Gravitational waves from nonspinning black hole-neutron star binaries: dependence on equations of state

TL;DR

This study uses numerical simulations to explore how the gravitational wave signals from nonspinning black hole-neutron star mergers depend on the neutron star's equation of state, revealing key relationships between waveform features and stellar properties.

Contribution

It provides new insights into how the neutron star's equation of state influences gravitational wave spectra and remnant disk characteristics in black hole-neutron star mergers.

Findings

Tidal disruption occurs before black hole swallowing for small mass ratios.

Cutoff frequency of gravitational waves correlates with neutron star compactness.
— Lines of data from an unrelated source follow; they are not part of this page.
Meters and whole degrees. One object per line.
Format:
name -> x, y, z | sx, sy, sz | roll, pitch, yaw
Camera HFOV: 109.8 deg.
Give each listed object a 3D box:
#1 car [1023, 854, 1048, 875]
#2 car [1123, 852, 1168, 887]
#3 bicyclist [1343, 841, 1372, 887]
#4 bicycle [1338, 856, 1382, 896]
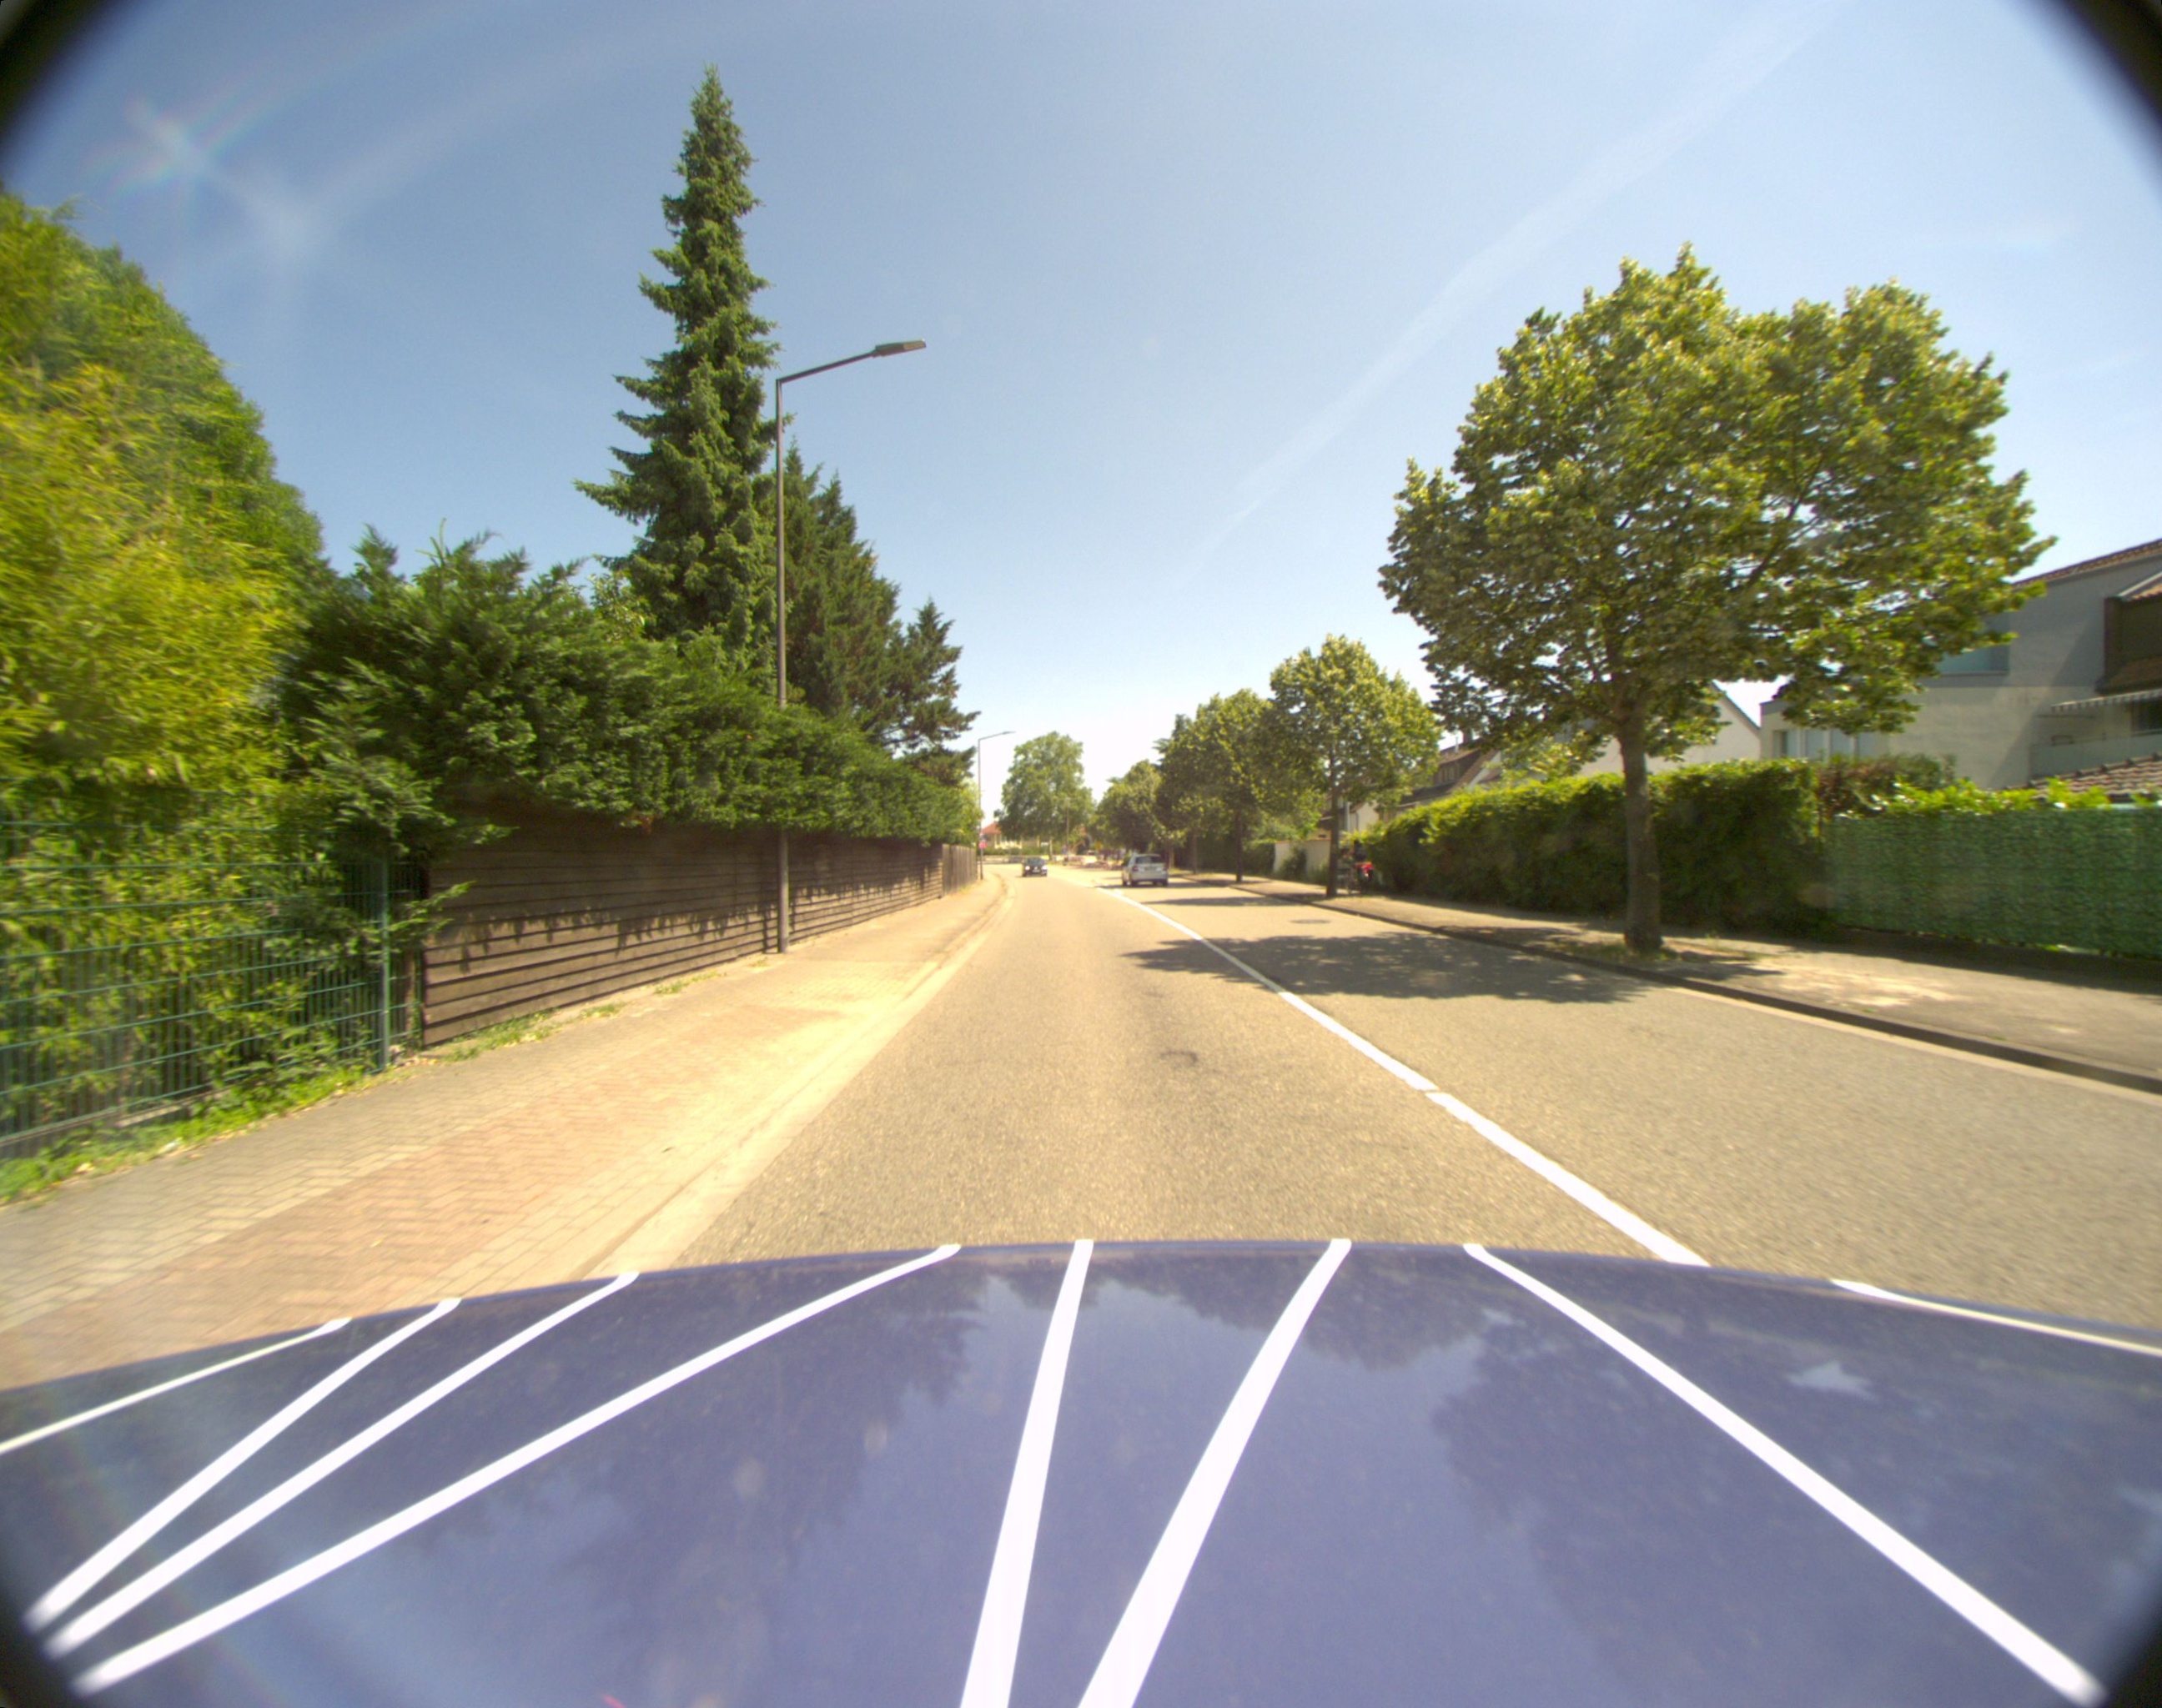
car -> -3.348, 0.757, 55.517 | 1.608, 1.436, 3.907 | -2, 1, -6
car -> 2.888, 0.661, 34.663 | 1.616, 1.474, 3.706 | -1, 0, -2
bicyclist -> 8.521, 0.305, 23.409 | 0.630, 1.400, 0.676 | 0, 0, -2
bicycle -> 8.527, 0.649, 23.307 | 0.634, 1.173, 1.815 | 0, 0, -2

Remnant disk mass depends on the neutron star's EOS.

Abstract

We report results of a numerical-relativity simulation for the merger of a black hole-neutron star binary with a variety of equations of state (EOSs) modeled by piecewise polytropes. We focus in particular on the dependence of the gravitational waveform at the merger stage on the EOSs. The initial conditions are computed in the moving-puncture framework, assuming that the black hole is nonspinning and the neutron star has an irrotational velocity field. For a small mass ratio of the binaries (e.g., MBH/MNS = 2 where MBH and MNS are the masses of the black hole and neutron star, respectively), the neutron star is tidally disrupted before it is swallowed by the black hole irrespective of the EOS. Especially for less-compact neutron stars, the tidal disruption occurs at a more distant orbit. The tidal disruption is reflected in a cutoff frequency of the gravitational-wave spectrum, above which the spectrum amplitude exponentially decreases. A clear relation is found between the cutoff frequency of the gravitational-wave spectrum and the compactness of the neutron star. This relation also depends weakly on the stiffness of the EOS in the core region of the neutron star, suggesting that not only the compactness but also the EOS at high density is reflected in gravitational waveforms. The mass of the disk formed after the merger shows a similar correlation with the EOS, whereas the spin of the remnant black hole depends primarily on the mass ratio of the binary, and only weakly on the EOS. Properties of the remnant disks are also analyzed.